- Problem requirements -
Below are entries. Pull out all lines containing "utilizando".

■ ■ ■ ■

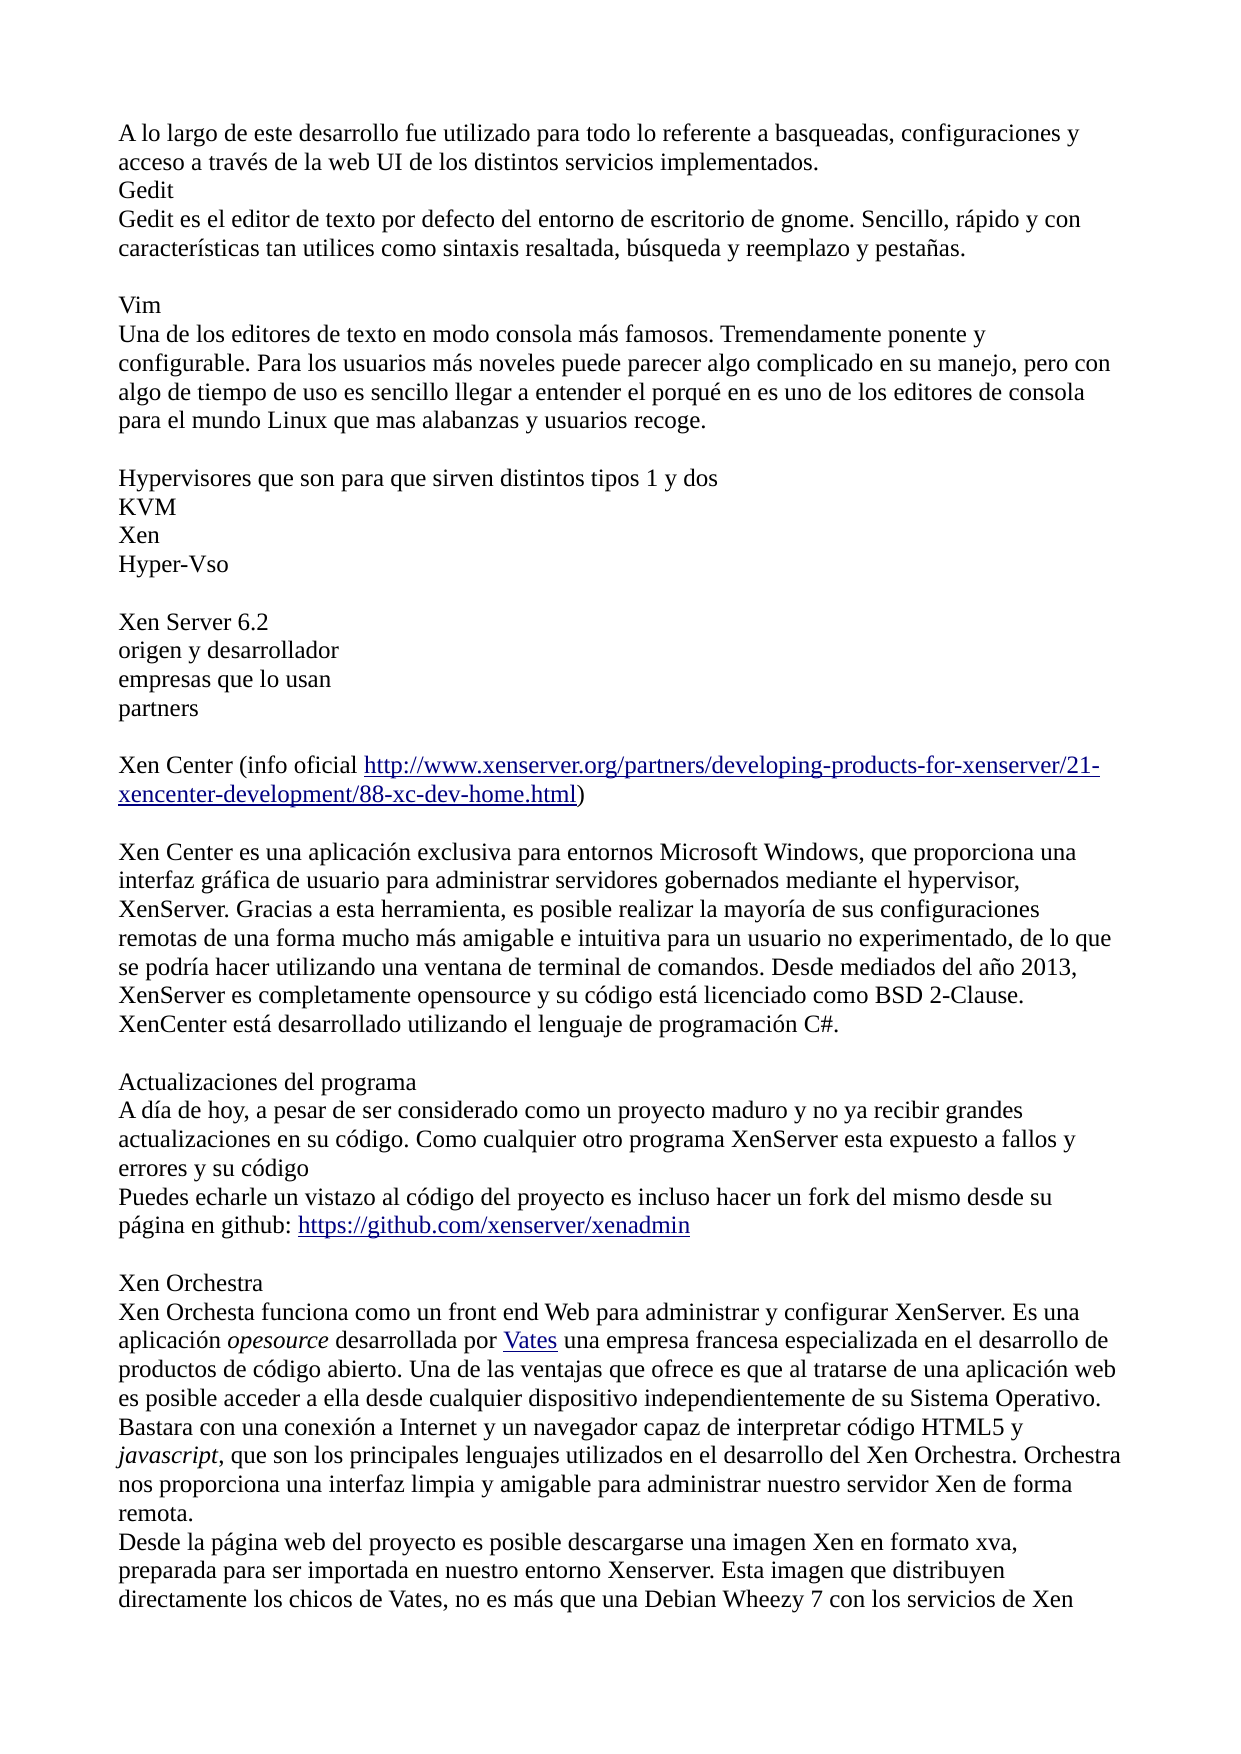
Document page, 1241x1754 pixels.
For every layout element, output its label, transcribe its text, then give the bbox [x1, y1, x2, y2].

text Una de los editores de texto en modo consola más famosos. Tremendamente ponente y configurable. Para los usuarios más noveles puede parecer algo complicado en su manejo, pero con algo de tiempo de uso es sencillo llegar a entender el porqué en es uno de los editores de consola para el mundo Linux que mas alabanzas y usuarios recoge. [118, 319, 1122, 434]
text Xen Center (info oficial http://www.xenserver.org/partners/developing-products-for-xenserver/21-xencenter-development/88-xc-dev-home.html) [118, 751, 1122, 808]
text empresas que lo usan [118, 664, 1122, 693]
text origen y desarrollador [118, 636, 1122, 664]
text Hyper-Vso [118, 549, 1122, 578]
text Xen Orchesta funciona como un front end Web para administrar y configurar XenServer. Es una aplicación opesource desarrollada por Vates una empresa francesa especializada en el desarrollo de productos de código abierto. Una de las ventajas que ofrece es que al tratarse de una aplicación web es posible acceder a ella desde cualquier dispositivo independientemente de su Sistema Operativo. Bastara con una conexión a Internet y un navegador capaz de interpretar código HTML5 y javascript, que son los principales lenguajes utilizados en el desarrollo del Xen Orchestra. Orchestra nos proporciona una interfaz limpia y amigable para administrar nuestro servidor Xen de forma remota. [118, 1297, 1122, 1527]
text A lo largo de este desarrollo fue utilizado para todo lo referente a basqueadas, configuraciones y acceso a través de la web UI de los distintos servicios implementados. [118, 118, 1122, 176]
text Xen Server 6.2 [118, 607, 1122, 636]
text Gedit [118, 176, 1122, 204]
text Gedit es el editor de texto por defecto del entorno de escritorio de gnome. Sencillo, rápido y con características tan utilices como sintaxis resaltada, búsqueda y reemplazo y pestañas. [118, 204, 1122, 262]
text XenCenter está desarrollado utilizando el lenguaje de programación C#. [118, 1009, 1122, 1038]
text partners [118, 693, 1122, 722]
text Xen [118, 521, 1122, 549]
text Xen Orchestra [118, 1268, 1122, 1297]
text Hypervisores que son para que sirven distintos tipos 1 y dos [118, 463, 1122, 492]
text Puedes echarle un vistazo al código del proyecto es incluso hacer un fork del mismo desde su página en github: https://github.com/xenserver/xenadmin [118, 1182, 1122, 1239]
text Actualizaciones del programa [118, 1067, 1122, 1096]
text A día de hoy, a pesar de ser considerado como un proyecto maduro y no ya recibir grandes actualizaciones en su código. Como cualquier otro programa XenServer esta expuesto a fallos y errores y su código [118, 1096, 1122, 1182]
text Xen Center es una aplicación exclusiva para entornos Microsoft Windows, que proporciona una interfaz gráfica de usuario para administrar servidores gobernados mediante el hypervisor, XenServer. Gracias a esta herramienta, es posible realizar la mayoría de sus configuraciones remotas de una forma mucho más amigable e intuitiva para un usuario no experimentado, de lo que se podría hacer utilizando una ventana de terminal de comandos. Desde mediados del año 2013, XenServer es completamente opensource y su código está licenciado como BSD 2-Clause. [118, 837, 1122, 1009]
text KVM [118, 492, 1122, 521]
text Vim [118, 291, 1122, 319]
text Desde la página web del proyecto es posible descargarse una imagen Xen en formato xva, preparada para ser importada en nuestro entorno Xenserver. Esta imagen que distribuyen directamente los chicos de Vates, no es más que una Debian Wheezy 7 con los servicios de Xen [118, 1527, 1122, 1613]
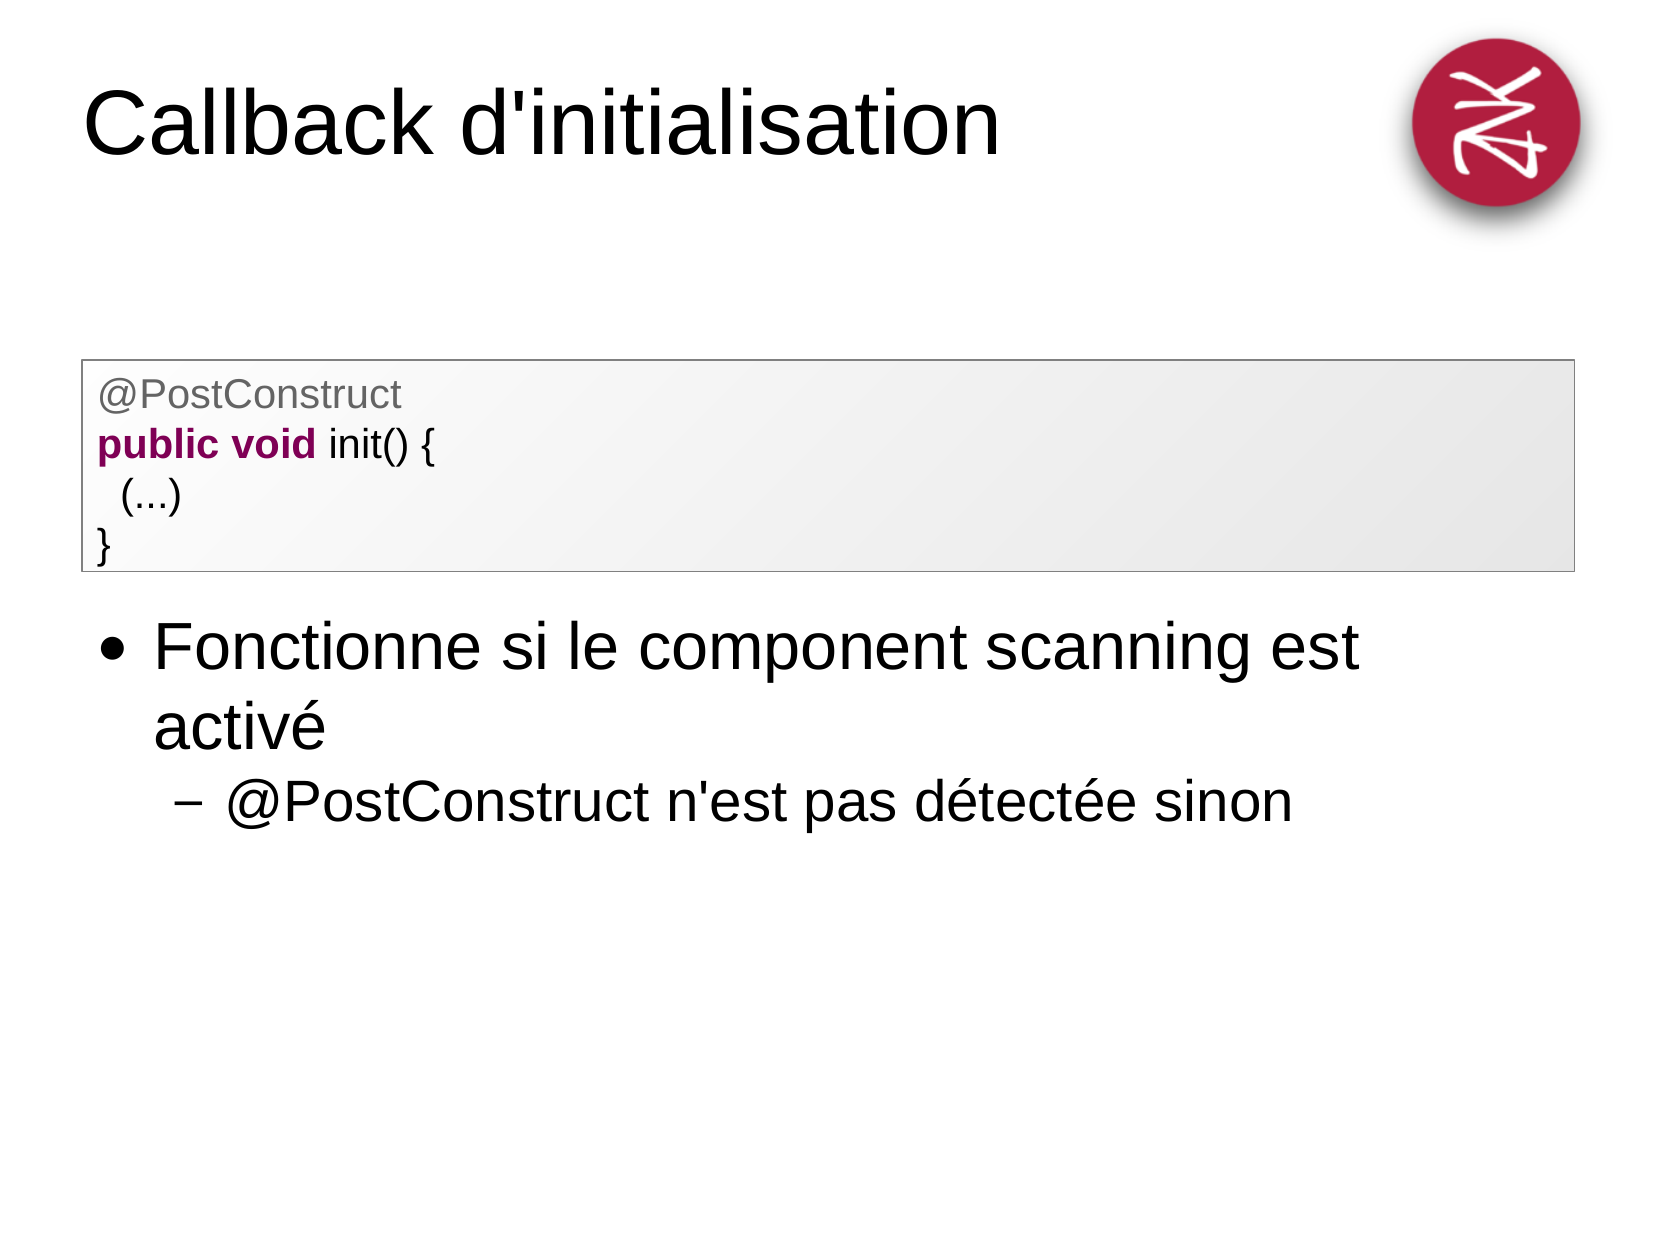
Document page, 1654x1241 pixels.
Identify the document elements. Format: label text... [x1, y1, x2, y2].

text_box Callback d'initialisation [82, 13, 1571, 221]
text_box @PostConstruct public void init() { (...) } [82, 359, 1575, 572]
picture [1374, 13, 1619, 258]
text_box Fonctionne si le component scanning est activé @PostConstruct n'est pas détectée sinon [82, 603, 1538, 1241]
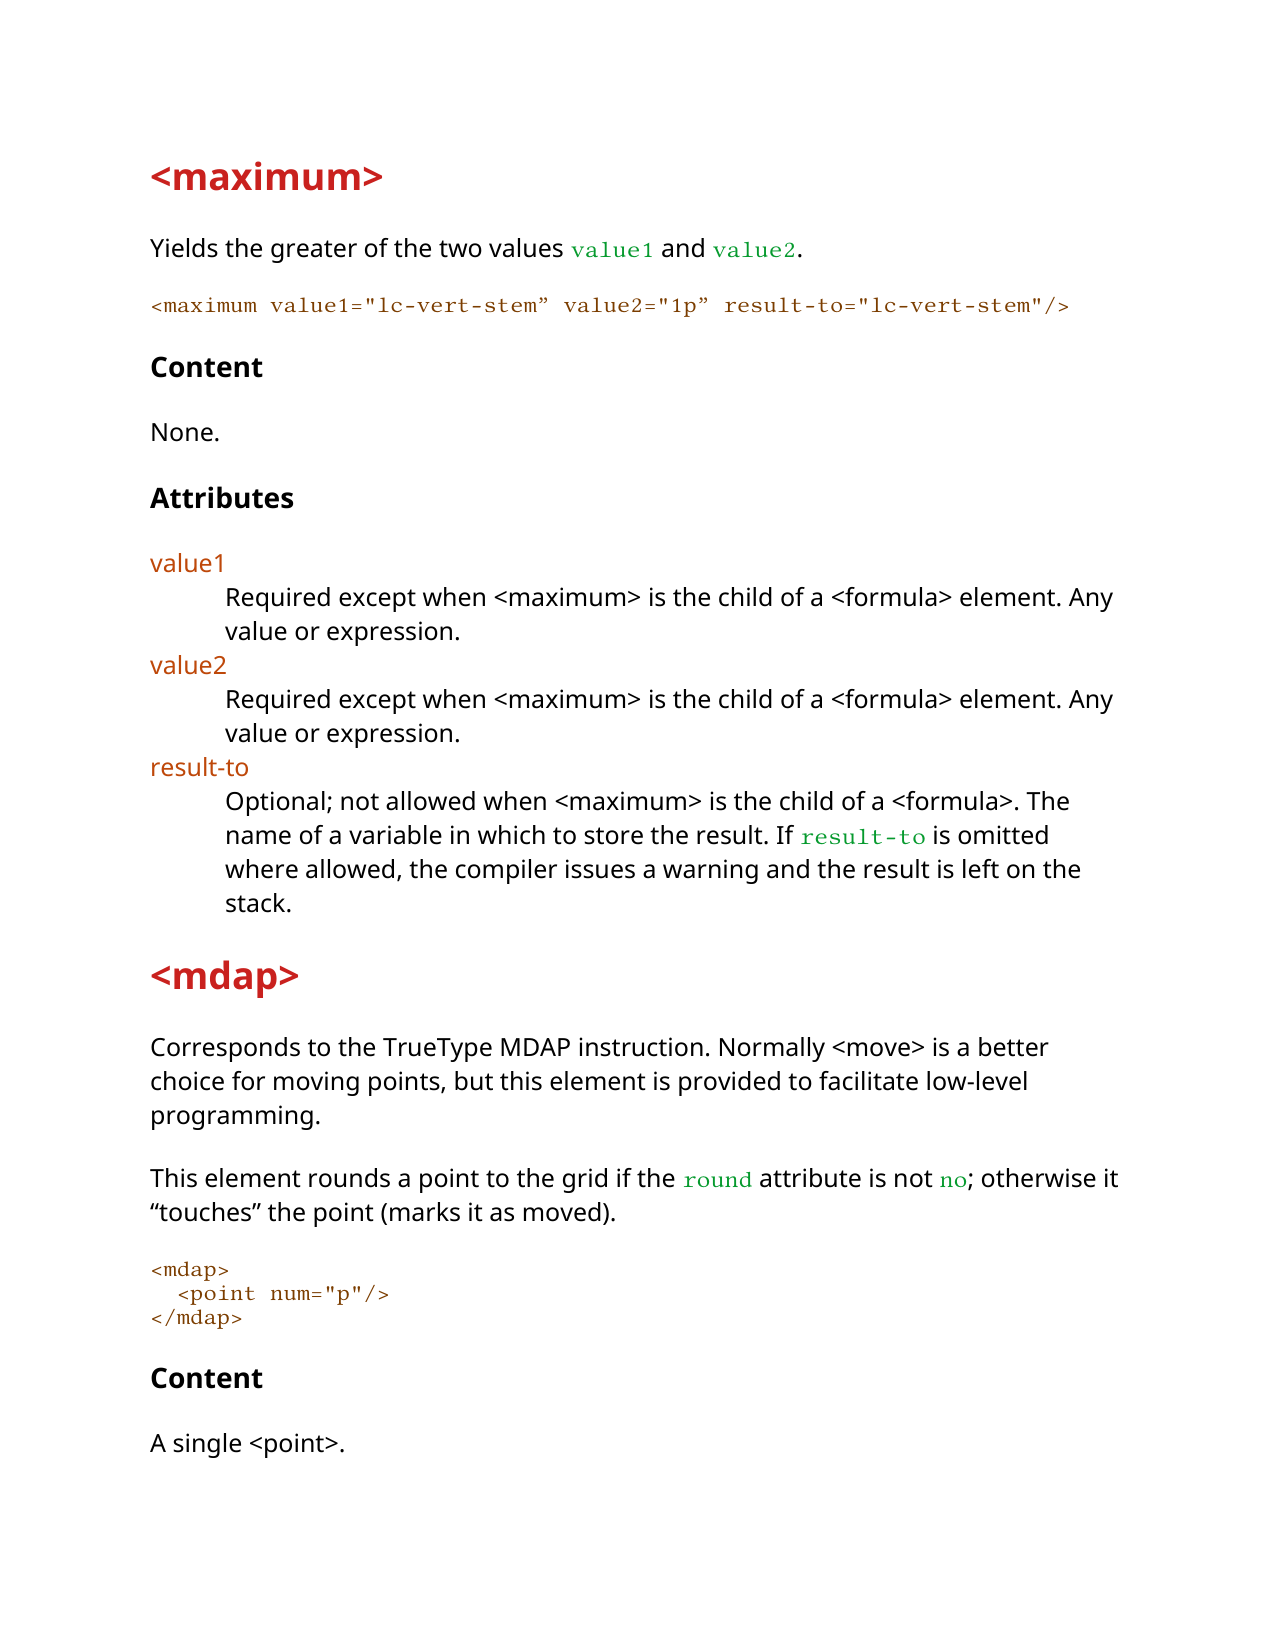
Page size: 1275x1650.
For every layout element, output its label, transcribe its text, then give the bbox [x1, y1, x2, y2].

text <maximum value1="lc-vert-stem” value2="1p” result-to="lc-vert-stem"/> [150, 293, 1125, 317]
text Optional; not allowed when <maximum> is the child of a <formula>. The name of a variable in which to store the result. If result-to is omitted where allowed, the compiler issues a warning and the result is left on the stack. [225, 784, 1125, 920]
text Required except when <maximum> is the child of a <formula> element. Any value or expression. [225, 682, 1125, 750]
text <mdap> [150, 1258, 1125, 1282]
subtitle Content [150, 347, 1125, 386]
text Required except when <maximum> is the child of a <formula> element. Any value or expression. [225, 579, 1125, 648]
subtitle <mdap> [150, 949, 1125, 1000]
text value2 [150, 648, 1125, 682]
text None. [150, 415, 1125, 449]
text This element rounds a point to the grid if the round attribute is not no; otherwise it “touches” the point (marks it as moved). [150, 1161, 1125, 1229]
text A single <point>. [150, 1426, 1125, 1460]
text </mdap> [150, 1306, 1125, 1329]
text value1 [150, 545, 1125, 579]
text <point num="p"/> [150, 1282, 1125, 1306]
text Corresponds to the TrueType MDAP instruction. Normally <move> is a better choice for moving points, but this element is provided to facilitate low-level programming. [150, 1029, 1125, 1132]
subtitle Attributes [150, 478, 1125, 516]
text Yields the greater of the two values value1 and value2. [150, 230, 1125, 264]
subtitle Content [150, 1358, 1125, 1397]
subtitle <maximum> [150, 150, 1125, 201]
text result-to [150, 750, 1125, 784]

■ ■ ■ ■

- Exercise response -
text XenCenter está desarrollado utilizando el lenguaje de programación C#. [118, 1009, 1122, 1038]
text Xen Center es una aplicación exclusiva para entornos Microsoft Windows, que proporciona una interfaz gráfica de usuario para administrar servidores gobernados mediante el hypervisor, XenServer. Gracias a esta herramienta, es posible realizar la mayoría de sus configuraciones remotas de una forma mucho más amigable e intuitiva para un usuario no experimentado, de lo que se podría hacer utilizando una ventana de terminal de comandos. Desde mediados del año 2013, XenServer es completamente opensource y su código está licenciado como BSD 2-Clause. [118, 837, 1122, 1009]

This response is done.